I am reading some reviews on Amazon with some negative points. 
http://www.amazon.com/Imer-Combi-25...ll_btm?ie=UTF8&showViewpoints=1&sortBy=recent

Trussme, when did you buy the saw? 

Anyone else can suggest their favorite good wet tile saw?


----------



## CO762 (Feb 22, 2010)

I've never had a problem with the DW....but one operator error as wasn't cleaned well enough in the slides.


----------



## dsconstructs (Jul 20, 2010)

CO762 said:


> I've never had a problem with the DW....but one operator error as wasn't cleaned well enough in the slides.


My saw gets taken apart and cleaned well after each use. For the most part that wiggle isn't something that's noticed but I think if you were to put that sled in the middle of it's travel you'd find that it is able to wiggle some side to side.
It's fairly solid when cutting down the middle of a tile but when it really shows up most is shaving the edge of a tile. I'm used to it and have learned to keep the sled steady and cut real slow in those instances...but I'm just surprised the potential movement that is there. 
I even checked out the manual for adjustments when I first noticed it and realized that it isn't an adjustment issue. It's the shape of the wheels in relation to the shape of the rail.


----------



## avenge (Sep 25, 2008)

dsconstructs said:


> My saw gets taken apart and cleaned well after each use. For the most part that wiggle isn't something that's noticed but I think if you were to put that sled in the middle of it's travel you'd find that it is able to wiggle some side to side.
> It's fairly solid when cutting down the middle of a tile but when it really shows up most is shaving the edge of a tile. I'm used to it and have learned to keep the sled steady and cut real slow in those instances...but I'm just surprised the potential movement that is there.
> I even checked out the manual for adjustments when I first noticed it and realized that it isn't an adjustment issue. It's the shape of the wheels in relation to the shape of the rail.

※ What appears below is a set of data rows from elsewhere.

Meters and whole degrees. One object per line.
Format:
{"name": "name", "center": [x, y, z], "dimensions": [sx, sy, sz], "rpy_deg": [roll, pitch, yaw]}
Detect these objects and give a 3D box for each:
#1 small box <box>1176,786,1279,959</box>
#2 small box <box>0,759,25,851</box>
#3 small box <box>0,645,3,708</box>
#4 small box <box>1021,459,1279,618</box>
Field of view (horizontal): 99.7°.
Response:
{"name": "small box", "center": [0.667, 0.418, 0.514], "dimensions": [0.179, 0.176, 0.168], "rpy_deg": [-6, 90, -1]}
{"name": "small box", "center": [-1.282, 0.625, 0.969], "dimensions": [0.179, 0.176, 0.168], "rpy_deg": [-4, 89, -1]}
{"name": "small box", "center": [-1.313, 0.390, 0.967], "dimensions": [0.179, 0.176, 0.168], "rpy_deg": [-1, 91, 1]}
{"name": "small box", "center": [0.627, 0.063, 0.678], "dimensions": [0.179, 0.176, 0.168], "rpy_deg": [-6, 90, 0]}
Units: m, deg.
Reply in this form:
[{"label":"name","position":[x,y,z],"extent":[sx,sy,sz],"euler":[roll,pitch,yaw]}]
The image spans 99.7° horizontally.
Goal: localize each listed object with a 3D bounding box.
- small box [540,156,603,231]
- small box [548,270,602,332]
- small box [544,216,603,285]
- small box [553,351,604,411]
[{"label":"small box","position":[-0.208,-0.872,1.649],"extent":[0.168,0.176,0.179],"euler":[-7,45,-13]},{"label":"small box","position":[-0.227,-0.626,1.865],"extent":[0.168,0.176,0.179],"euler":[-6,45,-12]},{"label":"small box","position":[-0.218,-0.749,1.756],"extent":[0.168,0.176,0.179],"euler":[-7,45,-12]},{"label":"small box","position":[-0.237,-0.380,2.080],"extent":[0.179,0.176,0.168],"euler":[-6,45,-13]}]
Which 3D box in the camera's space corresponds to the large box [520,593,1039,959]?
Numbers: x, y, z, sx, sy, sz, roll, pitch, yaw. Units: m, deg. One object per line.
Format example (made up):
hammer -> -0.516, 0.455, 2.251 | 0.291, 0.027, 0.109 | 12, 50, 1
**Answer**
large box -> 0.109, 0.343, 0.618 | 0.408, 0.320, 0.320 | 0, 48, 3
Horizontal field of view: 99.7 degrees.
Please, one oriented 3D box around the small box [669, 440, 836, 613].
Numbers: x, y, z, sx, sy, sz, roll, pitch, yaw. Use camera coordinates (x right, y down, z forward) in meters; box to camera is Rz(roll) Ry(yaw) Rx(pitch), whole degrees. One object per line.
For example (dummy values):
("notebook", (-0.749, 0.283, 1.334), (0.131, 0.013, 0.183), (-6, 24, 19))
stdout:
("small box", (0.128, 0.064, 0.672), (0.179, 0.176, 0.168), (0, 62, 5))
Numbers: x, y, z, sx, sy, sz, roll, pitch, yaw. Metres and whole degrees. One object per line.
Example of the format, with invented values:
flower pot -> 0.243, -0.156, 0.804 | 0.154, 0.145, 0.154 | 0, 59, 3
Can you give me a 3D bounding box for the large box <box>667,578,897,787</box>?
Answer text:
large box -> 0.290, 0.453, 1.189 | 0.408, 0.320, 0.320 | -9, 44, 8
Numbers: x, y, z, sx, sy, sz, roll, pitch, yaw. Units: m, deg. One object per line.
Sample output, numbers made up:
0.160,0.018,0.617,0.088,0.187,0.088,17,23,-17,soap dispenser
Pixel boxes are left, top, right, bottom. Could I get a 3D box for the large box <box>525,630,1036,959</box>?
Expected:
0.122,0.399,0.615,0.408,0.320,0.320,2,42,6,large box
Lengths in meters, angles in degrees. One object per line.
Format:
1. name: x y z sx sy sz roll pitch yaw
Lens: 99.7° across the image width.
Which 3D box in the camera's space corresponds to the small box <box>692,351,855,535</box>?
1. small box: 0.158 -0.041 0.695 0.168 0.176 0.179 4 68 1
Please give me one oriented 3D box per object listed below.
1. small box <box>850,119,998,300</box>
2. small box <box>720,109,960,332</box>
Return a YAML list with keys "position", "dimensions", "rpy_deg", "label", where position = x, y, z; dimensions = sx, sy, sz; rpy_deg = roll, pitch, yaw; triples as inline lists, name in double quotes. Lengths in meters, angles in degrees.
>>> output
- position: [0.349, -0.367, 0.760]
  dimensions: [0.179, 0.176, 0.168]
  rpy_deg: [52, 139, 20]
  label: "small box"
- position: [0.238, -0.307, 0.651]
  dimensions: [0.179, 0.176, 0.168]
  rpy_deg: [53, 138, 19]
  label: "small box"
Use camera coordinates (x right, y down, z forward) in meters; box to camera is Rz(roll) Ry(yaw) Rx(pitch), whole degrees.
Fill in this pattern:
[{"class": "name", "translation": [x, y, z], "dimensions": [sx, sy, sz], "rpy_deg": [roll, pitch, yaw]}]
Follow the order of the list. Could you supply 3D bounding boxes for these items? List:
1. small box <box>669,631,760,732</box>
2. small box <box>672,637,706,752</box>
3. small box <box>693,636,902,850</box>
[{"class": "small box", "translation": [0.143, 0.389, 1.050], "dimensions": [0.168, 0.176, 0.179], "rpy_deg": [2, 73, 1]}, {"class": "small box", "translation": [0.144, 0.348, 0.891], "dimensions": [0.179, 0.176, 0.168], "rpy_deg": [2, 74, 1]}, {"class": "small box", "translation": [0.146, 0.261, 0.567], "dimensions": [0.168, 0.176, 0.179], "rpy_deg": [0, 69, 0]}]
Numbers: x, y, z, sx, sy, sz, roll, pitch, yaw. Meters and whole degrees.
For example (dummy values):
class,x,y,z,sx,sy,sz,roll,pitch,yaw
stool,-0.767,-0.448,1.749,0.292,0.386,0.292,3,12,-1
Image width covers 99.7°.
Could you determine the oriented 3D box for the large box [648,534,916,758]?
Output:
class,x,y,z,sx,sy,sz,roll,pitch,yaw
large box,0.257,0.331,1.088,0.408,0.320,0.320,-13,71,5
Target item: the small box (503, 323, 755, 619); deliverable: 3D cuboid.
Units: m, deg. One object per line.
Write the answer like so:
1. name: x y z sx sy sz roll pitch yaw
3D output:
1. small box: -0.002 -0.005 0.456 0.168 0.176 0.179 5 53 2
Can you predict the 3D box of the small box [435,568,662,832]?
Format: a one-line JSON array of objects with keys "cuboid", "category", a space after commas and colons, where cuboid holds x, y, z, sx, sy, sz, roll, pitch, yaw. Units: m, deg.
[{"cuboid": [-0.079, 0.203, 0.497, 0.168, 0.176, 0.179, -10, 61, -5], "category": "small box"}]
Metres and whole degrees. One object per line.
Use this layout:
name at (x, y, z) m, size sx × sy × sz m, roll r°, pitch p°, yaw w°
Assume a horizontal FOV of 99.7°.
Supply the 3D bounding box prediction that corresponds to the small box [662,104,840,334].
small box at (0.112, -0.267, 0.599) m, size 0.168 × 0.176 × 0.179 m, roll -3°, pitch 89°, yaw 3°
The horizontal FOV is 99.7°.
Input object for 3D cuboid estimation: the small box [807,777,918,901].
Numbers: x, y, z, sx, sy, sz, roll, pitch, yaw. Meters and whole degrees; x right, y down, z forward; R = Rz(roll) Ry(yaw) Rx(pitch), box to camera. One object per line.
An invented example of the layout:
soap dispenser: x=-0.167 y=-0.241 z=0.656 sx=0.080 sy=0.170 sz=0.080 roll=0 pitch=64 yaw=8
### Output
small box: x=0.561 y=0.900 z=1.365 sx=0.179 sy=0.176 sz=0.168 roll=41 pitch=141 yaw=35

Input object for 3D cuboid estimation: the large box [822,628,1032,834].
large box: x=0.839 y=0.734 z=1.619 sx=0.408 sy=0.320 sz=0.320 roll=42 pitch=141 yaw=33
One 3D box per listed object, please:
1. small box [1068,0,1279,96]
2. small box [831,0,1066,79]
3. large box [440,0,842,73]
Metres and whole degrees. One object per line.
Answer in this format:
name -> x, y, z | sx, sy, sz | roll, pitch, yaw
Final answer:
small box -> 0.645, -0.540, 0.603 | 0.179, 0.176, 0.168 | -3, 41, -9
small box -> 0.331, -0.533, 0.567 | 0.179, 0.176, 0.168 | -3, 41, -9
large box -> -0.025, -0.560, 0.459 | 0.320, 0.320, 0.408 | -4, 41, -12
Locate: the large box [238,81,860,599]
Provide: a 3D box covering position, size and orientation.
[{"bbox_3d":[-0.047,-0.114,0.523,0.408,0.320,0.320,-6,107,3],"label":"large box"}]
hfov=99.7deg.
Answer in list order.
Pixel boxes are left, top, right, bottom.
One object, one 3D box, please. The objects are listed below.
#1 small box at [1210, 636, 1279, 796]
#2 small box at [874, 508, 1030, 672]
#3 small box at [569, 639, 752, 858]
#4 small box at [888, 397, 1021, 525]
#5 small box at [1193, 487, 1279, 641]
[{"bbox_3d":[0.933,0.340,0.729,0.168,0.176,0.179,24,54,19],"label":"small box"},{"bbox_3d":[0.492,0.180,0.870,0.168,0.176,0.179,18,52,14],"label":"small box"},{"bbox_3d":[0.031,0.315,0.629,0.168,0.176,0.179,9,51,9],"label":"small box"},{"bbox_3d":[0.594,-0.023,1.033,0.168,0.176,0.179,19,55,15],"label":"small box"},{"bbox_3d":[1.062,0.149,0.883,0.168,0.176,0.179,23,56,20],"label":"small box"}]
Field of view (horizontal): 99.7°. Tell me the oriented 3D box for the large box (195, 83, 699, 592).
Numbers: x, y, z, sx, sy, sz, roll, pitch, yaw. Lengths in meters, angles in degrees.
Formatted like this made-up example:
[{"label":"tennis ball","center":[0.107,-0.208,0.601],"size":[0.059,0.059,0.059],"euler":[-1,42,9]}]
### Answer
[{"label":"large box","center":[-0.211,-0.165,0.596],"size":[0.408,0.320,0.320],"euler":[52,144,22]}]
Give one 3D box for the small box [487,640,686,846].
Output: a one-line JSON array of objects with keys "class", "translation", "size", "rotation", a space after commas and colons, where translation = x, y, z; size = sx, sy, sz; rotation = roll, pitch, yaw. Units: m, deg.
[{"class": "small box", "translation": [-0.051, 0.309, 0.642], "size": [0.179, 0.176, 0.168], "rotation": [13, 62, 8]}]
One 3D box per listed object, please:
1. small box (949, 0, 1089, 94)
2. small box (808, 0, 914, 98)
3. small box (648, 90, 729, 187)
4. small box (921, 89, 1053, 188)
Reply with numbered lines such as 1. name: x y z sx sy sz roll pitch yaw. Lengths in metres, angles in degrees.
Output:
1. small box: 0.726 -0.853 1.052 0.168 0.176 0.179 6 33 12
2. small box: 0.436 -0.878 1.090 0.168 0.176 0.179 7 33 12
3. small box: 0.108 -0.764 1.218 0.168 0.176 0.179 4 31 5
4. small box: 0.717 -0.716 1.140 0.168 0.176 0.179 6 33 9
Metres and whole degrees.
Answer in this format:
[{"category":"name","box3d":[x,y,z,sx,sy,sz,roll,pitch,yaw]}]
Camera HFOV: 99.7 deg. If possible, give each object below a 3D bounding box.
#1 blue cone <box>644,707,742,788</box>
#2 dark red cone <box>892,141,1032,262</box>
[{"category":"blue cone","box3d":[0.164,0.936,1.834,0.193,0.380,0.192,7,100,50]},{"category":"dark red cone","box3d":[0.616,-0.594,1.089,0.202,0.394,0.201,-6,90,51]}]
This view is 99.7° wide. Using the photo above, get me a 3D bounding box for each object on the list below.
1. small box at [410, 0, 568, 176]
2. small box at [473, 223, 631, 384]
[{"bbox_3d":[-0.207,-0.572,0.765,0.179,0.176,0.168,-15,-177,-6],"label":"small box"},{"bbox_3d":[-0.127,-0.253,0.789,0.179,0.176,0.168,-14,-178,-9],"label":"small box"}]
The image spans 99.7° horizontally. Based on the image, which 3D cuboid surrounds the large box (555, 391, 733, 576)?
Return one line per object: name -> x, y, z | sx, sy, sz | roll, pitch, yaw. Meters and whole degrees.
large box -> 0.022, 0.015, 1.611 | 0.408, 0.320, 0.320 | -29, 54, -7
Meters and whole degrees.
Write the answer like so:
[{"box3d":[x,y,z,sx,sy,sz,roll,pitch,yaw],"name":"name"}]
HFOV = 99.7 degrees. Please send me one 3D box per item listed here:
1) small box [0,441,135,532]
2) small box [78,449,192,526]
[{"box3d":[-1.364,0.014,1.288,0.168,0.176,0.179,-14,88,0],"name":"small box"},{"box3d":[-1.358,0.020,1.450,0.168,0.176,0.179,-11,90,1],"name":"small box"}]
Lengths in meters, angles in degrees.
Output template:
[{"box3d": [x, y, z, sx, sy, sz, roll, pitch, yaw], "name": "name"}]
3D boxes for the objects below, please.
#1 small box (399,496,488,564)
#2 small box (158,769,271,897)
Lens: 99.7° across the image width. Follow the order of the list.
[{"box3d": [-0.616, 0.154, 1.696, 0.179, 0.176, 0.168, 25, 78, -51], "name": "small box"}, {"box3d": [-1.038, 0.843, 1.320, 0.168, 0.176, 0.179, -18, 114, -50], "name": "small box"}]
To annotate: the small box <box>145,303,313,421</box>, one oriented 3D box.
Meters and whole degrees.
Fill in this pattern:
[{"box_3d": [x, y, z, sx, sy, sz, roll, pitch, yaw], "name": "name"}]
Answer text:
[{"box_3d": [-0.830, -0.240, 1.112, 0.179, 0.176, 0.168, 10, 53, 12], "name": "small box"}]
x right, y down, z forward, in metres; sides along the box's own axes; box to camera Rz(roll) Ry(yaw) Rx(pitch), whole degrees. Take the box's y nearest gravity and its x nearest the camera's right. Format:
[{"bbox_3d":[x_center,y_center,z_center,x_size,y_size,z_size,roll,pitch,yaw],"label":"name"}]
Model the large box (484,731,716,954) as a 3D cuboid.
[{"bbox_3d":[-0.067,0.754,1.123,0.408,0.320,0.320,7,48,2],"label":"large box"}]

I'm cutting 12" x 24" porcelain now with my Dewalt no issues making accurate cuts. Anytime I have to "shave" a tile my issues are caused by blade flex rather than the saw.


----------



## Charles_cz (Mar 13, 2008)

My saw has definitely issue with rollers that have some play in them allowing for inaccuracy. Nothing that can be adjusted. I think it is design flaw. Other than that the saw worked well for me. It is still working fine except power supply for the pump.


----------



## CO762 (Feb 22, 2010)

It's not a "design flaw" as full time professional tile guys have been using them daily since they came out. There are probably ten thousand of them out there getting daily, hard use, shared by multiple users, so someone now that sometimes does tile on a remodel isn't going to suddenly find some design flaw.
The only changes done since they came out was a GFI added and I think on later ones, maybe a larger plate to stiffen up the blade.

There are a lot of tile stores in Denver, so go to one, talk to them and buy a saw.


----------



## Charles_cz (Mar 13, 2008)

CO762, I can't compare it to any other D24000 but I will take your word for it. I will drop it of at Dewalt repair center and hopefully they can fix it both problems I have..

I know, they are plenty of tile stores in Denver. That is not a problem. They all have "the best saw" in the store ready for you. I just wanted to see what people have used and feedback on it.


----------



## dsconstructs (Jul 20, 2010)

Blade choice definitely helps. I had a razor on there and swapped it out last week. Doing miter cuts for a couple niches was a real eye opener for blade flex on it.


----------



## Charles_cz (Mar 13, 2008)

I had T3 for a little bit but did not last long. It was either user error or defective blade but I got chip on it making it unusable just first day..


----------



## Francois (Aug 28, 2007)

Charles_cz said:


> I am reading some reviews on Amazon with some negative points.
> http://www.amazon.com/Imer-Combi-25...ll_btm?ie=UTF8&showViewpoints=1&sortBy=recent
> 
> Trussme, when did you buy the saw?
> ...




Can't help but notice that the negative reviews are all from people who owned the old model, or who didn't bother taking the time to set it up properly. 



We have one of those, got it last year.

Might not be as good as it used to be - but compared to _any_ sliding-table tile saw? It's the most accurate, reliable saw I've ever used. 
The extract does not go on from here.